Day followed day, surcharged with fateful issues. Men who flung themselves down, utterly wearied, to snatch a brief sleep, woke from it with an oppression of the breast, a tremor of the nerves. Their fiercely excited brains begrudged an instant's unconsciousness where every minute was a vehicle of destiny, once ahead never to be overtaken. Strenuously, night and day, laboured the Staffs in the Army Headquarters, in the Corps, Divisions, Artillery Groups—desperately, for after the second day they were behind their time-table. On that second day the French defence they had fondly thought annihilated woke to sternly resisting life. There had been terrific fighting on the whole front from Brabant to Ornes. Once more a frightful bombardment had opened with the dawn. Once more the German infantry had advanced in masses. They found the trenches in front of them weakly held, had occupied them. But en route a storm of shells had rained down on the swarming columns, had strewn the ground with dead and dying. Further advance was barred by sheets of rifle-fire, torrents of machine-gun bullets. There were ugly rumours as to losses. The day's objective had not been reached. Counter-attacks had flung the grey infantry out of positions already conquered.

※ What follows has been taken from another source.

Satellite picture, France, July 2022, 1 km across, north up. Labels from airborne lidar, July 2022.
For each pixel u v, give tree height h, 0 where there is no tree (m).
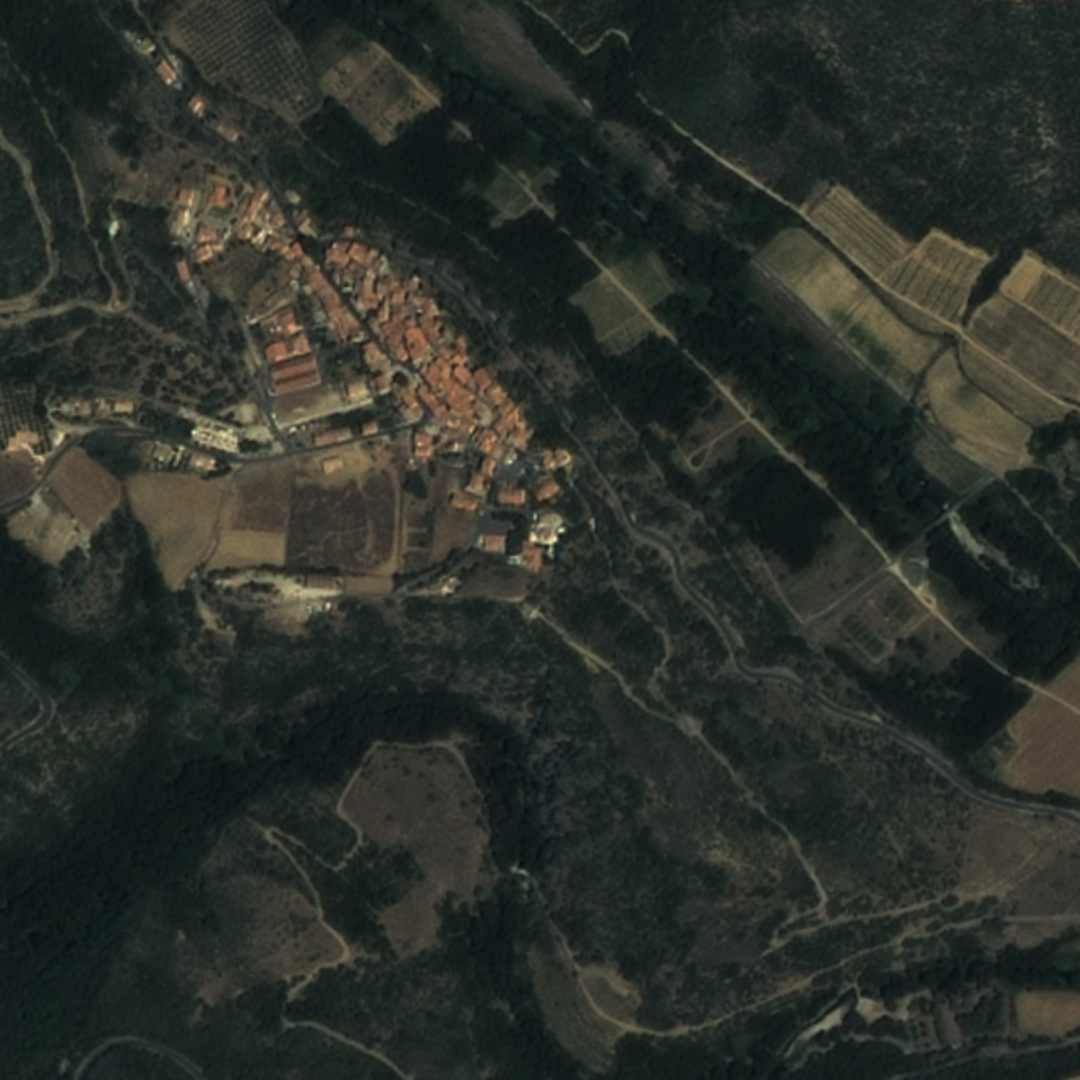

During the black night of the 22nd-23rd, while the gun-teams of the German batteries strained and stumbled forward over a shell-torn ground to new positions, the French left flank had fallen back from Brabant. The German guns hurled an avalanche of projectiles blindly upon the new lines of defence, more or less at hazard since no longer did they have them accurately marked upon the map. Once more the grey masses swept forward, once more the hail of shells beat them down. The end of that day saw the centre pushed in with wild confusion, but the French resistance still alive, determined to perish rather than break. Once more the objective had not been attained. Douaumont was not even menaced. The time-table was hopelessly out. That night the French fell back on both flanks, withdrew from Ornes.